De cara, o espectador fica fascinado pela ideia de assistir um filme rodado ao longo de 12 anos. A disciplina quase militar de toda a equipe para fazer o projeto e a possibilidade de ver o envelhecimento real daquele grupo de atores perante os nossos olhos em pouco menos de três horas proporciona ao público uma experiência curiosa. “Boyhood”, entretanto, é muito mais que um exercício ousado de planejamento e empenho; trata-se de uma obra com caráter universal sobre a construção de uma vida e sociedade através de caminhos irregulares.
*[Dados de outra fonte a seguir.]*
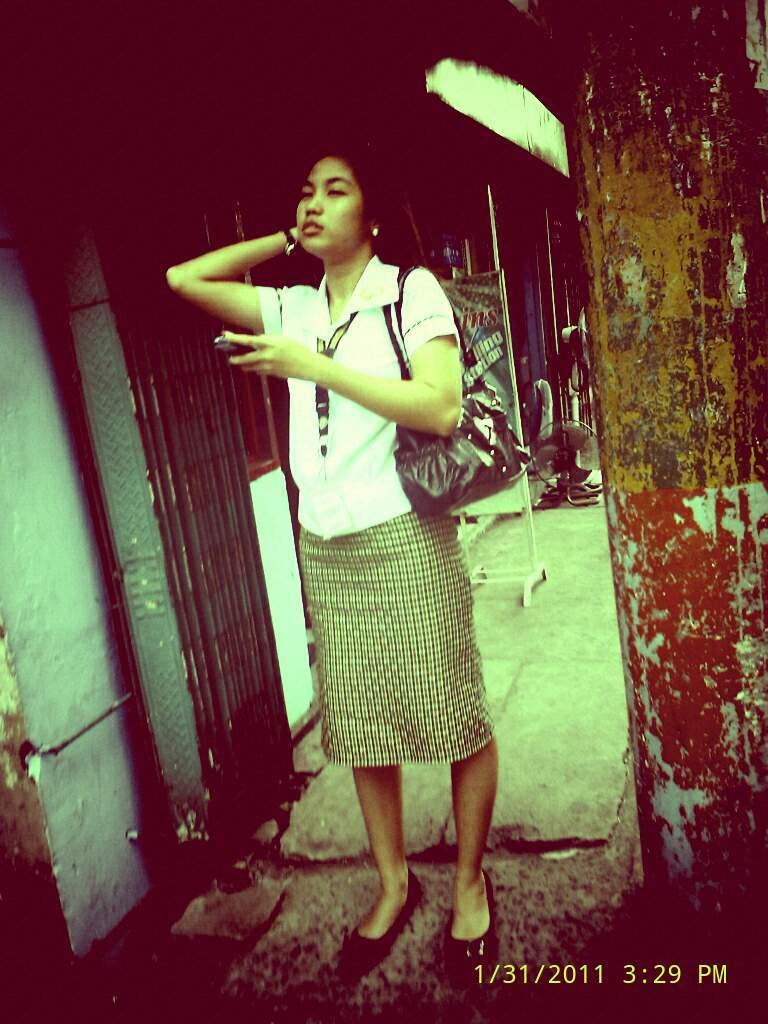Who is in the image? There is a person in the image, specifically a woman. What is the woman holding in the image? The woman has a bag in the image. What is the woman wearing in the image? The woman is wearing a white dress in the image. What decision does the woman make while sitting at the desk in the image? There is no desk present in the image, and the woman's actions or decisions cannot be determined from the provided facts. 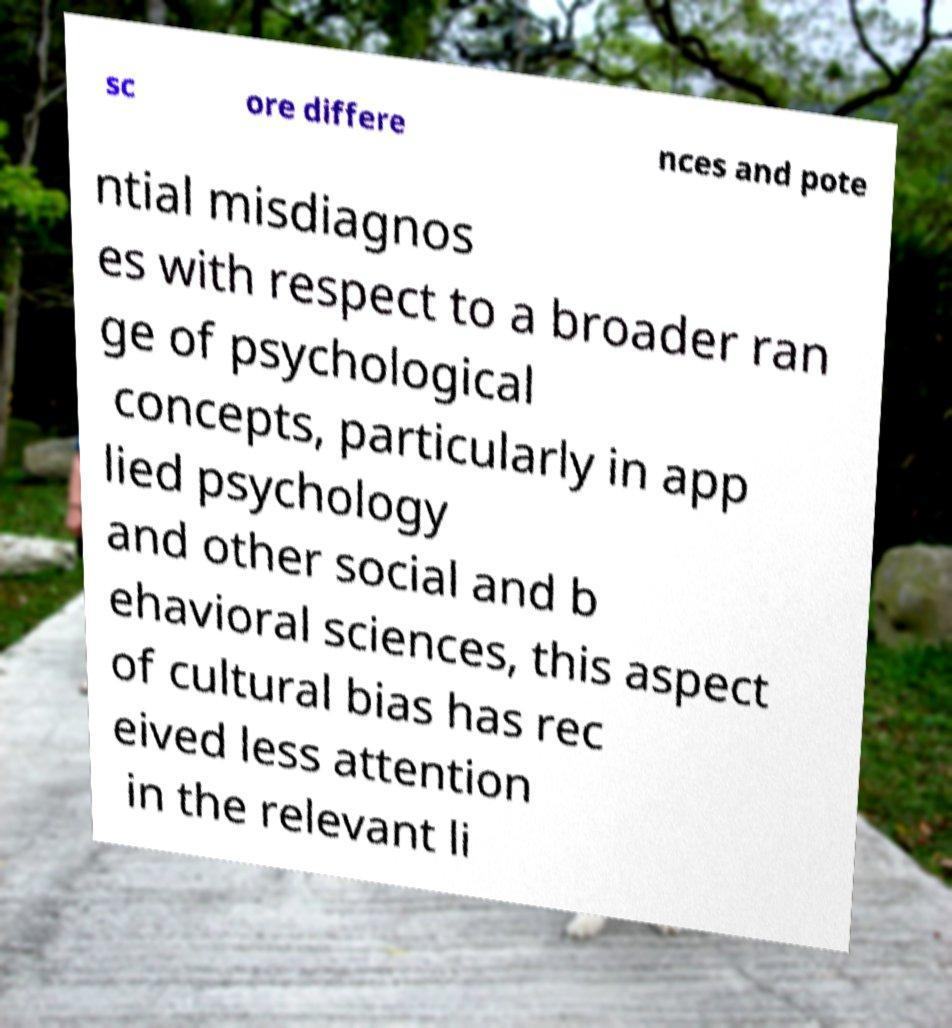Can you read and provide the text displayed in the image?This photo seems to have some interesting text. Can you extract and type it out for me? sc ore differe nces and pote ntial misdiagnos es with respect to a broader ran ge of psychological concepts, particularly in app lied psychology and other social and b ehavioral sciences, this aspect of cultural bias has rec eived less attention in the relevant li

A história segue os passos de Mason (Ellar Coltrane) desde a época em que era um garoto interessado em andar de bicicleta até o momento de chegada à faculdade. Ao lado dele, está a mãe e professora universitária Olivia (Patricia Arquette), a irmã Samantha (Lorelei Linklater) e do pai aventureiro (Ethan Hawke).

Conhecido pela trilogia “Antes do Amanhecer, Por-do-Sol e Meia-Noite”, Richard Linklater potencializa o estilo naturalista. Se os diálogos são menos extensos do que nos filmes do casal Céline e Jesse para não tornar tudo cansativo, o cineasta compensa ao desenvolver uma série de situações cotidianas possíveis de acontecer na vida de todos nós como a briga entre irmãos e uma conversa sobre sexo com os pais. Isso faz com que o público se envolva e ganhe intimidade com os personagens por ver ali gente capaz de ser seu vizinho ou familiar.

O verdadeiro achado de “Boyhood”, porém, está no fato de não buscar os caminhos convencionais e elaborar viradas bruscas na trama apenas para gerar um possível conflito mais intenso. Não há mortes, perda do cachorro da família atropelado por um caminhão, o amor mais forte entre os pais para retomar a família perfeita, adolescentes em crise quebrando a casa com a mãe chorando no corredor, a necessidade de mostrar a perda da virgindade.

A vida dos personagens do filme está marcada por acertos e erros, linhas tortas sendo trilhadas a todo instante seja pela impulsividade de uma paixão ou vontade de se tornar independente. Optar pelo minimalismo das relações tirando o aspecto cinematográfico esperado como uma trilha sonora açucarada ou uma montagem indicando a passagem do tempo seja através de letreiros ou os chatíssimos capítulos são escolhas narrativas essenciais feitas por Linklater para o impacto realista do filme. Isso se amplifica na escolha momentos reais importantes para situar determinados trechos como a eleição de Barack Obama e a animação trazida pela chegada do novo livro de Harry Potter.

A escolha do elenco e a construção feita pelos atores a cada personagem realça ainda mais esse aspecto minimalista. Coltrane foge da figura de garoto fofinho e traz Mason como uma espécie de outsider incapaz de gostar do que a maioria dos meninos da idade dele gosta (esportes, por exemplo) ou ser o melhor da turma. O protagonista, assim como tantos outros jovens mundo afora, tenta apenas encontrar ligações com o mundo externo fora do núcleo familiar, ao mesmo tempo, acolhedor e turbulento.

Já Arquette ressurge para o cinema em uma personagem símbolo de uma época em que a mulher ganha nova posição na sociedade ao conciliar a vida de mãe com profissional competente e respeitada. Isso sem deixar a busca pelo amor mesmo que a leve a delicadas situações. Enquanto Lorelei Linklater cria uma figura carismática capaz de conquistar o público logo na primeira aparição (ela cantando “Oops I Did it Again” pode ser eleita uma das melhores cenas do ano), Ethan Hawke transborda carisma ao fazer um pai em transformação de sujeito inconsequente para um cara mais maduro.

Acostumado a inovações trazidas por grandes quantidades de dinheiro ou efeitos especiais modernos, o cinema americano encontra a novidade do ano justo na simplicidade de “Boyhood”.